Pandiculation has existed since the dawn of man it affects humans, reptiles, birds, and most mammals. Although most human beings have been known to experience pandiculation while still in the womb (as early as 11 weeks after conception), we achieve pandiculatory contagiousness between the first and second years of life. It is believed that the entire human population has already been affected.

People with the highest susceptibility are those who suffer from fatigue, drowsiness, boredom, insomnia, and excessive contact with humorous scientific hyperbole. Although studied by institutions throughout the world, it still is not completely understood. Everyday people are unsuspecting agents, who 'infect' helpless individuals. There is no cure, and the only treatment is allowing the behavior to run its course. Pandiculation is the act of yawning and stretching, and it is highly communicable.
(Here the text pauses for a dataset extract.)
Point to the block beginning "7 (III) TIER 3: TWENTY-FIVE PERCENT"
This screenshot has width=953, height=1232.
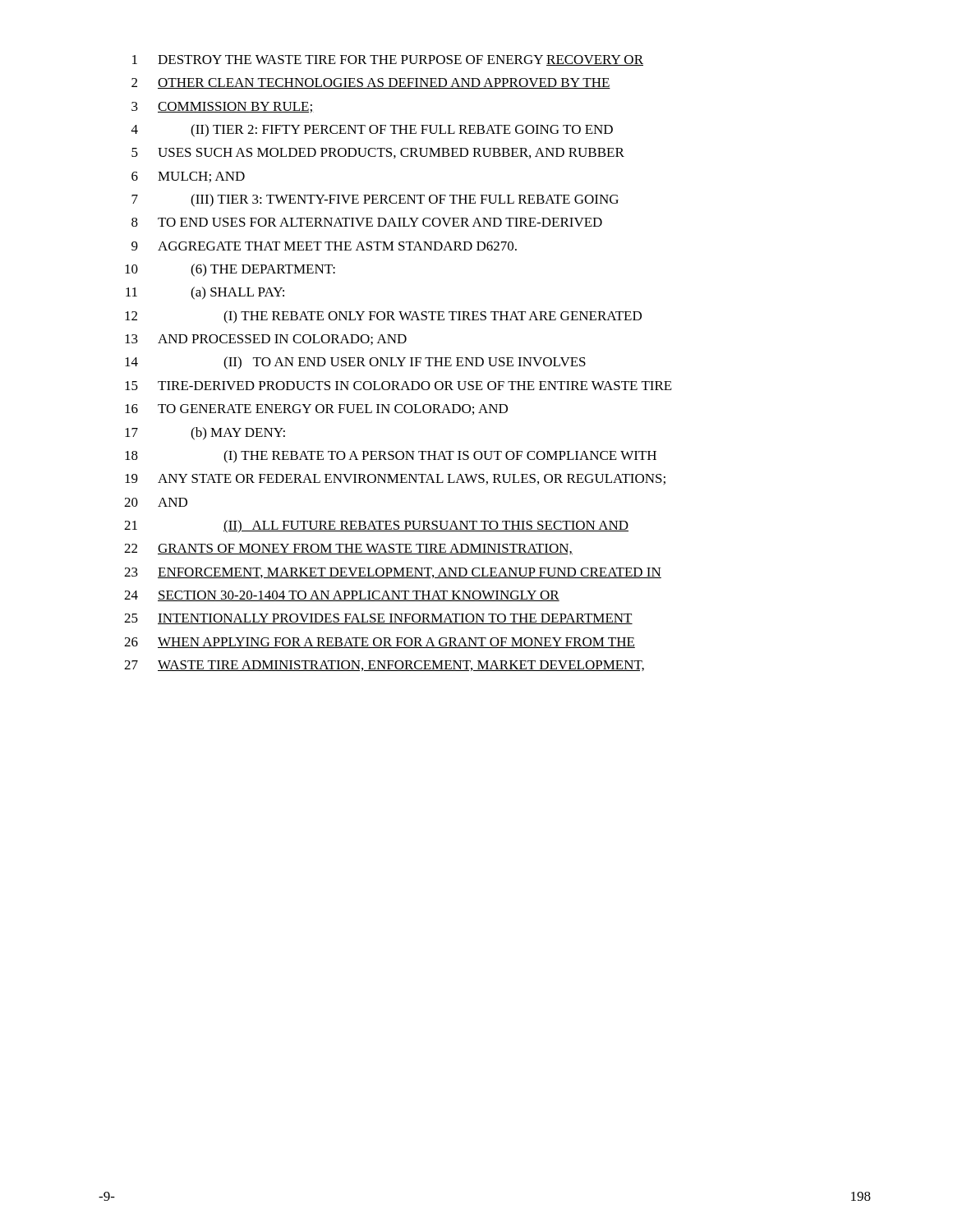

A common misconception is that pandiculation is brought on to increase oxygen levels in the blood and to reduce carbon dioxide, but scientific evidence has proven that theory unsound.

Dr. Robert Provine of the Psychonomic Society studied effects on college students who were given different types of gases (air is a gas, remember?) to breathe for 30-minute intervals. Using four gaseous concoctions, ranging from normal air to those with both extreme levels of oxygen and/or carbon dioxide, Dr. Provine detected no change in occurrences or duration of yawns. Subjects did tend to breathe a little faster in a low-oxygen atmosphere, but stopped short of looking like goldfish trying to breathe in bleach water. Provine also conducted the same experiments with subjects before, during and after exercise, with the same results.

So, what causes pandiculation, and why is it contagious? Dr. Provine believes it is due to evolutionary history, and is a response developed to coordinate the social behavior of early humans, yet remains as a vestigial response. Strangely, there is no pecking order when it comes to contagious pandiculation--it can be as infectious coming from an innocent child as from Federal Reserve Chairman Alan Greenspan, or balloon-busted country music crooner Dolly Parton.

In any case... experiencing a complete and satisfying pandiculation, without interruption, feels pretty good. Pass it on with impunity, and coordinate your own social behavior experiments.